In the present embodiment, the case where the present invention is applied to one-way data transfer from a server to a client has been described. However, it is assumed that the exchanger is bidirectional and is applied to bidirectional data transfer. Can also.

[0032]

According to the data transfer control system in the client-server system according to the first configuration of the present invention, a client having at least one server, a plurality of clients, and a network for connecting them and exchanging data.
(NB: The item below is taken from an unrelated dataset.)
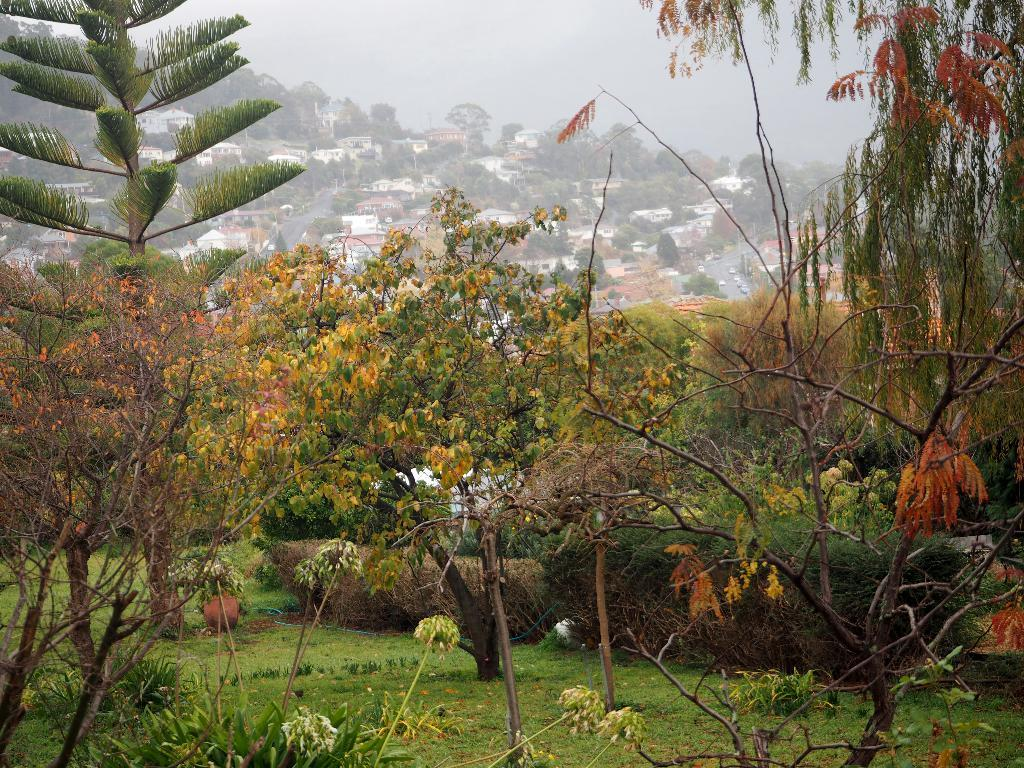What type of vegetation can be seen in the image? There are trees, plants, and grass in the image. What type of landscape feature is present in the image? There are hills in the image. Are there any man-made structures visible in the image? Yes, there are houses in the image. What is visible at the top of the image? The sky is visible at the top of the image. What type of square is depicted in the image? There is no square present in the image. What company is responsible for the landscaping in the image? The image does not provide information about the landscaping company.

In the server system, the server intervenes between the client and the server on the network, receives a data transfer request from each client in place of the requested server, and receives a transfer request of the same data from the plurality of clients to the same server. It is provided with an exchanger that collectively transmits the data to the server, receives and holds response data from the server in response to the transfer request, and distributes the response data to each client. Avoid duplicate data transfer of the same data Is, it is possible reduce the data transfer load, abnormal data transfer, especially waste or communication capacity due to excessive data transfer, it is possible to prevent transmission on the network of abnormal data transfer.

According to the data transfer control system in the client-server system according to the second configuration of the present invention, when the requests from the plurality of clients are combined into one, the communication quality required for the server to be transmitted is determined by the plurality of clients. Communication quality that satisfies all of the communication qualities requested by the client, and the response data received from the server is distributed to each client at the communication quality requested by each client. This can be sufficient and sufficient for each client, and can reduce the data transfer load of the entire network while satisfying the requirements of each client.

[Brief description of the drawings]

FIG. 1 is a diagram showing an internal configuration of an exchanger according to a first embodiment of the present invention.

FIG. 2 is a diagram showing a data structure of a request table according to the first embodiment of the present invention.

FIG. 3 is a diagram illustrating an algorithm of a request merge process.

FIG. 4 is a diagram illustrating an example in which a request merge process is performed according to the algorithm of FIG. 3;

FIG. 5 is a diagram showing a data structure of an intermediate memory area for a certain server.

FIG. 6 is a diagram illustrating an algorithm of a task in a response transmission process prepared for each QoS class.

FIG. 7 is a diagram showing a configuration of a conventional client server system.

FIG. 8 is a diagram showing a configuration of a request message.

FIG. 9 is a diagram showing a configuration of a response message.

[Explanation of symbols]

1 request reception processing, 2 request merge processing, 3 request transmission processing, 4 request table, 5 response reception processing, 6 intermediate memory area, 7 response transmission processing, 10 exchangers.

Claims (2)

[Claims] 1. A client-server system having at least one server, a plurality of clients, and a network for connecting them and exchanging data, interposed between the clients and the server on the network, A data transfer request from a client is received in place of a requested server, transfer requests for the same data from a plurality of clients to the same server are sent together to a server, and response data from the server to the transfer request is sent to the server. A data transfer control system for a client-server system including an exchanger that receives and holds the response data and distributes the response data to each client. 2. Requests from the plurality of clients are
At the time of putting together, the communication quality required for the server to be received is set to the communication quality that satisfies all of the communication qualities requested by the plurality of clients, and the received response data from the server is sent to each client. 2. The data transfer control system for a client server system according to claim 1, wherein the data is distributed with the requested communication quality.